Data under study:
━━━━━━━━━━━━━━━━━━━━

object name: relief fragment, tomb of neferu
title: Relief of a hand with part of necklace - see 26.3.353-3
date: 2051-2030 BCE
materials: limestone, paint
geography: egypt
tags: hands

━━━━━━━━━━━━━━━━━━━━

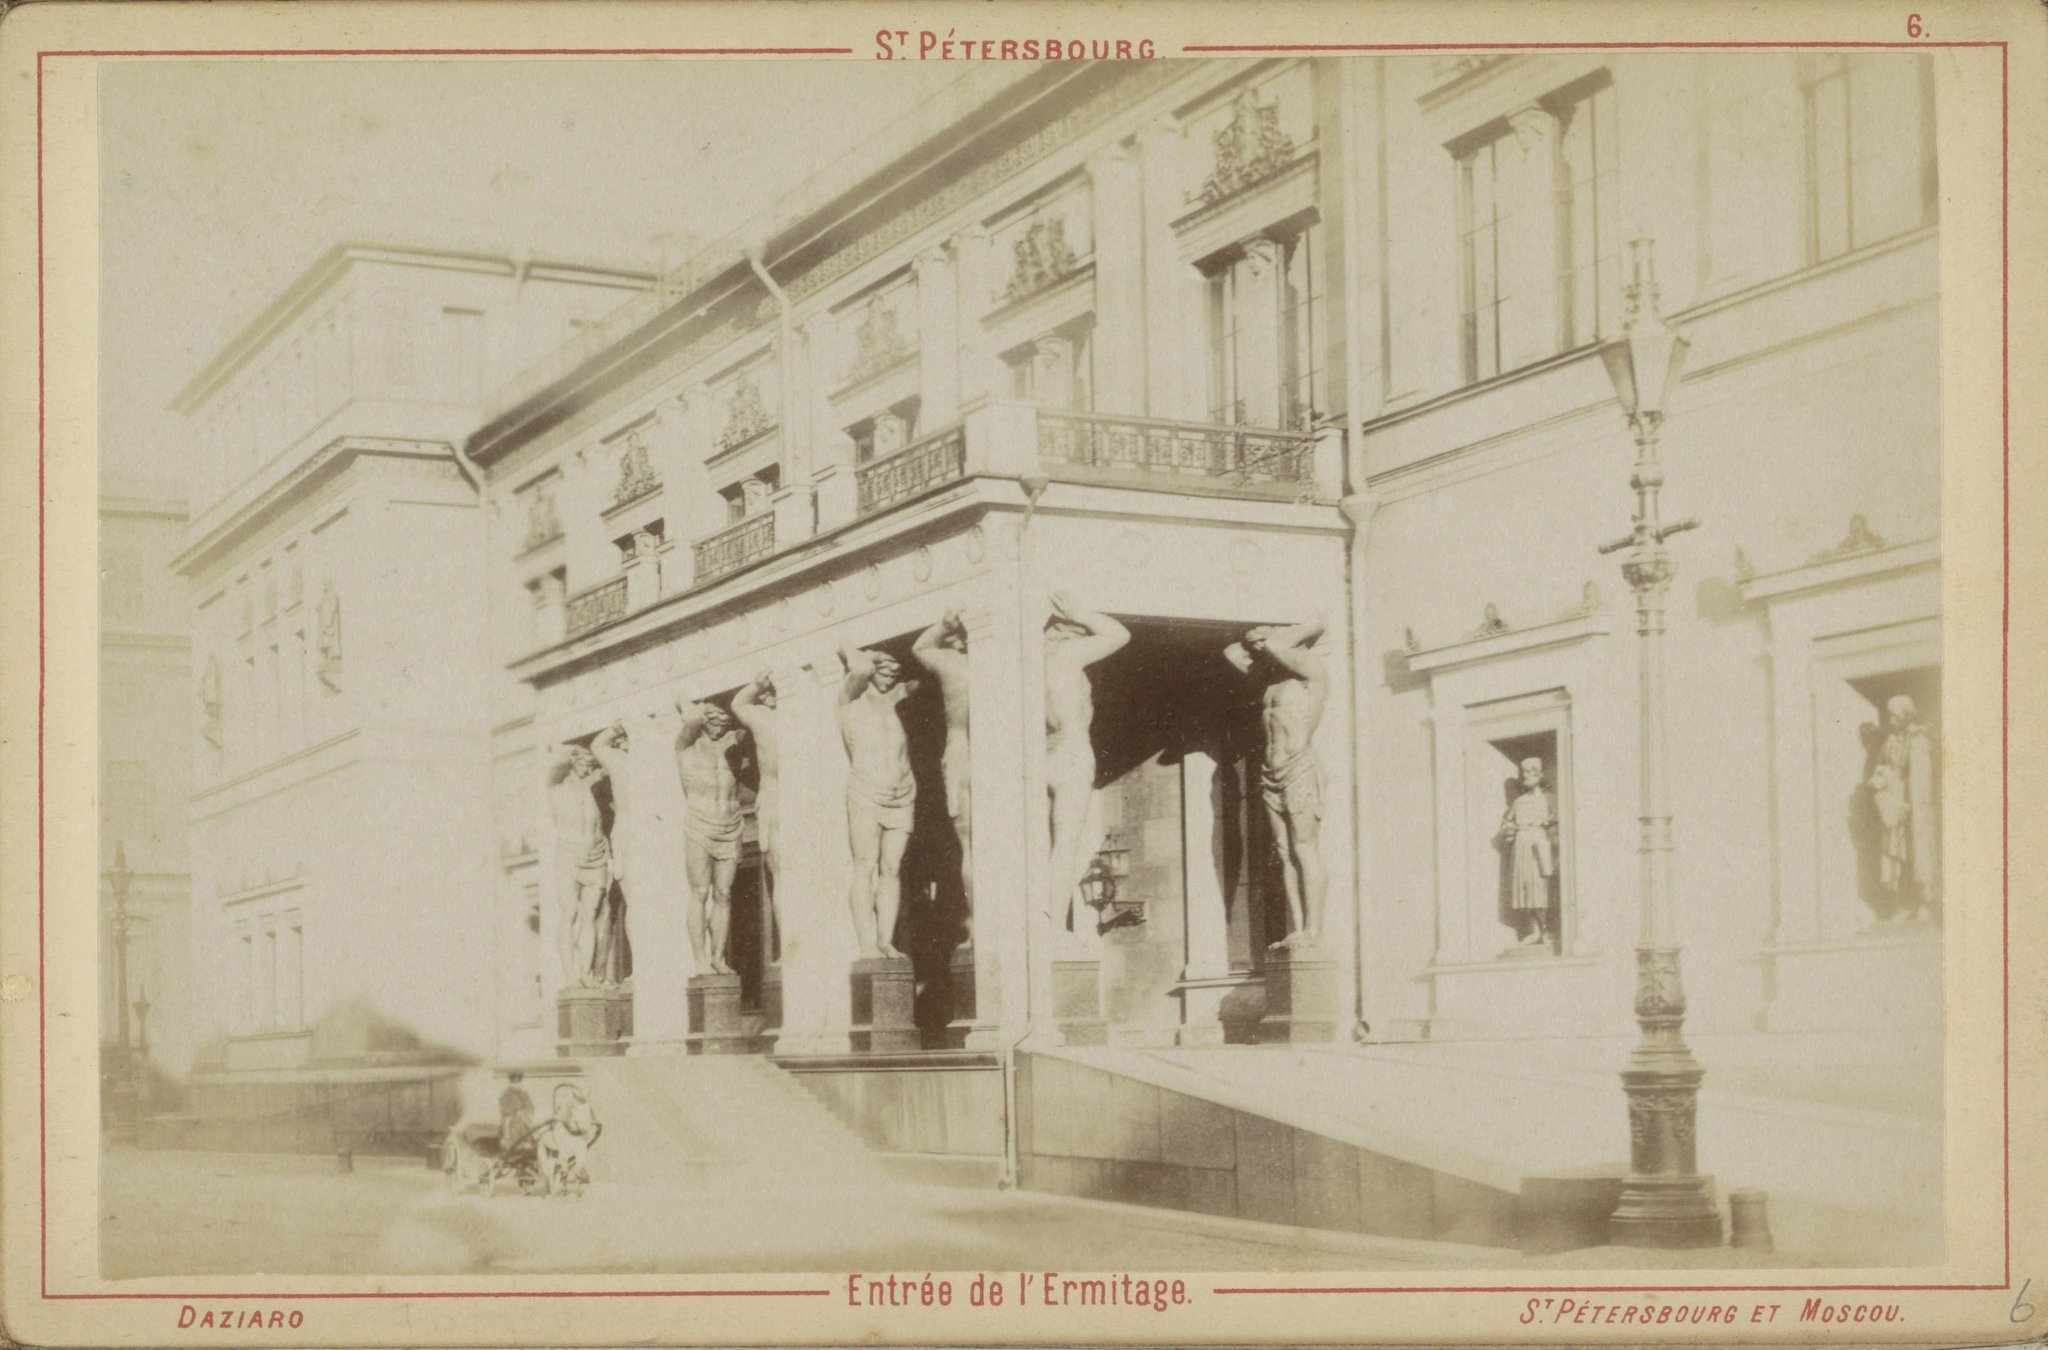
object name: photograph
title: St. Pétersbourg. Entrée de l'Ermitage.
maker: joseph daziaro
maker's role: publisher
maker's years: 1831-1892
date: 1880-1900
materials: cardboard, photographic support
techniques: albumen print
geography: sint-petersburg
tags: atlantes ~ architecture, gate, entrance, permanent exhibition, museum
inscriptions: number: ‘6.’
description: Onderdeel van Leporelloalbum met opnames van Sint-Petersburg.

━━━━━━━━━━━━━━━━━━━━

What the task requires:
What is needed is an exact copy of the lines above, from the one containing "materials: cardboard, photographic support" through the one containing "description: Onderdeel van", with nothing added.

Answer to this task:
materials: cardboard, photographic support
techniques: albumen print
geography: sint-petersburg
tags: atlantes ~ architecture, gate, entrance, permanent exhibition, museum
inscriptions: number: ‘6.’
description: Onderdeel van Leporelloalbum met opnames van Sint-Petersburg.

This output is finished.